When I was 8 or 9, I wrote a note and placed it in a bottle made of green glass. Then I carefully set it into the current of the Willamette River, imagining it traveling onward to the Columbia, and then finally, plopping into the Pacific Ocean. And then, I waited. What I hoped for – was a pen pal, from far across the ocean.
Instead, just over 6 months later, I received a package in the mail. I opened it to find my bottle, cork, tin foil, string and two letters: the one I had written, plus one from the sender of the package. I learned that my bottle and note were found by a man living in West Linn. In his letter, he calculated not only how many river miles the bottle had traveled from our dock in Wilsonville to where he found it in West Linn near today’s Cedar Oak boat ramp, but he calculated its approximate daily mileage. Imagine: my bottle was carried over the Willamette Falls. The man must have been an adventurer himself, as he explained in his letter that he decided to return the bottle, cork, string and foil, so that I could try again, and just maybe – it might travel farther. But I never did, although I kept the letters.

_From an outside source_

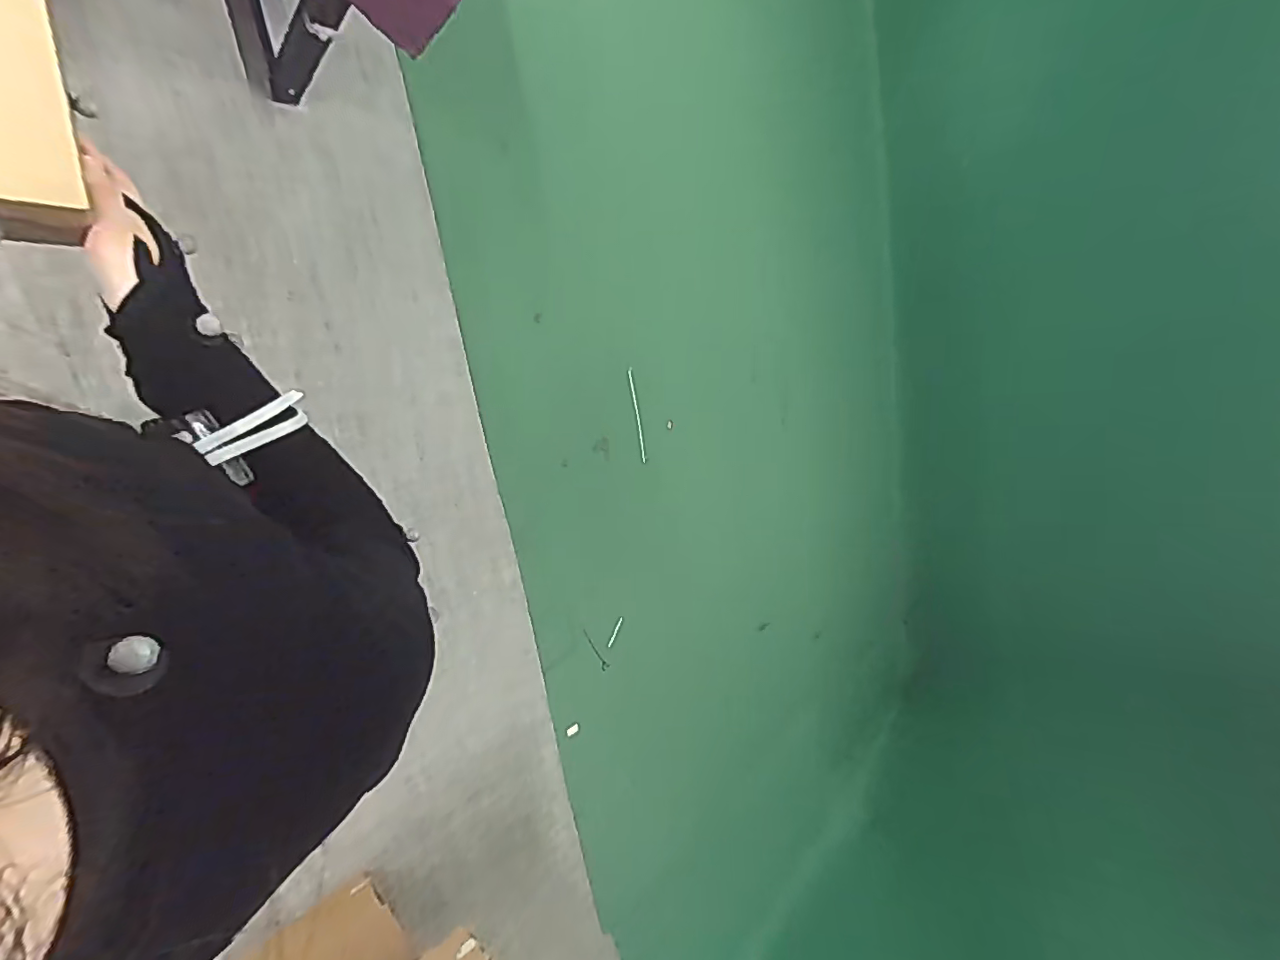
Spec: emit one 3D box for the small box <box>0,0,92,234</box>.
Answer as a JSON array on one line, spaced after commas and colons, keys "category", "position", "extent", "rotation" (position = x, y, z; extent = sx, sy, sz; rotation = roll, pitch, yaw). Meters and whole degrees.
[{"category": "small box", "position": [-0.420, -0.234, 0.279], "extent": [0.179, 0.176, 0.168], "rotation": [-12, 108, -41]}]

Some 25 years later as a working mom raising two small daughters in West Linn – daughters who would in fact attend Cedar Oak Elementary School – I remembered those letters. And I dug them out of my past, searching for the man’s return address. I had begun to wonder just where the finder of my bottle might have lived. One afternoon, on a lark, I sought out his house, and found it to be only a mile or two away from my own. When I knocked on the door, leaving my young daughters waiting in the car, the door was opened by a man just a bit younger than me; the son of the author of the note. I gave him the note his father had written, thinking what a special thing it might be now that his father (if I remember right) had passed on. I remember being a bit disappointed that this son wasn’t as excited as I to connect. And today I wonder why I didn’t make myself a copy of the letter? Perhaps as a busy mother, at the time it was the last thing on my mind. And today, I can’t exactly remember which house was his that I visited down off Marylhurst Drive.
My own bottle story got me wondering about other bottles carrying notes along our waterways. It was easy for me to learn about Thomas, a young Oregonian from Silverton who six years ago, received media attention after he placed a note and bottle offshore in Winchester Bay. This bottle travelled across the Pacific Ocean all the way to Hawaii! Imagine. And he too received a response, but by email rather than snail mail, beginning a new pen pal friendship with a girl named Trinity.
A bottle carrying a note: an image that incites us to imagine adventure. To meet new people in far away lands. And for me, a memory that finds me in a place eager to begin another writing project. A not fully remembered memory, that just may bloom into something far grander with possibilities still unimagined and uncreated by me. Yet.
What about you? Have you ever found a bottle with a note? Or did you write one yourself, and set it carefully in a moving current to always wonder if it was ever found?
Learn more about Dede’s 2019 novel: Beyond the Ripples.
And guess what? The character who puts the note in the bottle in Beyond the Ripples returns in Dede’s 2022 short story collection, Humanity’s Grace.
8 thoughts on “A note in a bottle”
What a wonderful story. Endings are not always as we’d plan them. Sometimes they are beginnings that we didn’t anticipate. May your message travel far and continue open hearts to new adventures.